Could you repeat all of the entries below word for word, apart from the pictures?
[[ Data provided, beginning ]]
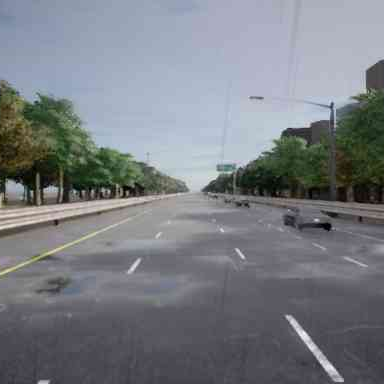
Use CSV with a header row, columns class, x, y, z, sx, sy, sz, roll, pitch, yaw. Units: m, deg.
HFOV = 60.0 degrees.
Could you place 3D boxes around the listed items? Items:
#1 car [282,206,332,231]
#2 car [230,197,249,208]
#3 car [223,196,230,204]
class,x,y,z,sx,sy,sz,roll,pitch,yaw
car,7.023,1.571,20.735,1.994,1.385,4.181,0,0,0
car,7.126,1.533,48.406,1.837,1.490,4.892,0,0,0
car,7.234,1.589,66.074,2.033,1.411,5.357,0,0,0
[[ Data provided, end ]]
- [Solution below]
Use CSV with a header row, columns class, x, y, z, sx, sy, sz, roll, pitch, yaw. Units: m, deg.
HFOV = 60.0 degrees.
Could you place 3D boxes around the listed items? Items:
#1 car [282,206,332,231]
#2 car [230,197,249,208]
#3 car [223,196,230,204]
class,x,y,z,sx,sy,sz,roll,pitch,yaw
car,7.023,1.571,20.735,1.994,1.385,4.181,0,0,0
car,7.126,1.533,48.406,1.837,1.490,4.892,0,0,0
car,7.234,1.589,66.074,2.033,1.411,5.357,0,0,0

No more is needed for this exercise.